CUDA: Streams and Concurrency

CUDA provides a consistent abstraction to control concurrent access, allowing users to maximize and fully utilize the resource capabilities of a single GPU device.

To effectively utilize GPU devices, we aim to:

  • Increase the number of business requests that can be handled by a single hardware resource
  • Maximize GPU utilization (assuming associated resource usage is low and latency is met)

To achieve this goal, let's briefly analyze the programming model of CUDA.

Hardware

Cuda Core is the main computing unit of the graphics card. Graphics cards with Pascal architecture or higher have thousands of CUDA cores, corresponding to multiple SM (Streaming Multiprocessor) units, which can be shared for a single task or used for different computing tasks.

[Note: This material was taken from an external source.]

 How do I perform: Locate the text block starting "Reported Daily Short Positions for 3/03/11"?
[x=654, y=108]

Starting from the Volta architecture, NVIDIA introduced Tensor Cores specifically designed for deep learning.

In the Tesla T4 with Turing architecture, there are a total of 40 SMs that share 6MB of L2 cache.

gpu_t4

An SM consists of 64 FP32 arithmetic units and 8 Tensor Cores.

sm

For operator-level optimization of models, it is necessary to focus on more low-level optimization. However, for business use cases, both operator-level optimization (selecting a targeted computational backend) and overall analysis are required.

Reference links:

Software

CUDA Streams

A CUDA stream represents a GPU operation queue, and all tasks submitted to the GPU are specified with an execution stream. There is a default stream, stream 0, which serves as the default queue. The submit task operation itself can be asynchronous, and synchronizing the stream means that the CPU thread needs to be blocked until all tasks submitted to the queue have been completed.

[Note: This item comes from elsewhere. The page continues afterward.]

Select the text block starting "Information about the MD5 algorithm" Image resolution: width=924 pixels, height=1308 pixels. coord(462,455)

Tasks between different streams can be executed in parallel using different hardware units or time-division concurrency.

CUDA Context

CUDA Streams/CUDA Context can be compared to threads/processes: multiple threads that allocate and call GPU resources belong to the same CUDA Context, which has its own isolated address space, and resources cannot be shared across contexts.

By default, when any API in the CUDA runtime software library is called for the first time in a process, the current process's unique CUDA context is automatically initialized.

The GPU can only switch to one context at a time, and by default, a process has one context, so multiple processes using the GPU cannot utilize the hardware simultaneously.

Virtualization

Because the GPU cannot execute tasks across CUDA contexts simultaneously, hardware utilization may not be high. In this case, virtualization methods can be used. A typical example is NVIDIA's official MPS (Multi Process Service), which actually starts an independent process to forward all tasks. The disadvantage of using this method is that isolation is somewhat compromised: once this process fails, all associated tasks will be affected.

Summary

To fully utilize the performance of the GPU, some measures can be taken:

  • Run multiple parallel instances to perform calculations.
  • Limit the tasks of a single graphics card to a single process to overcome the problem of insufficient resource utilization caused by the time-sharing feature of CUDA context.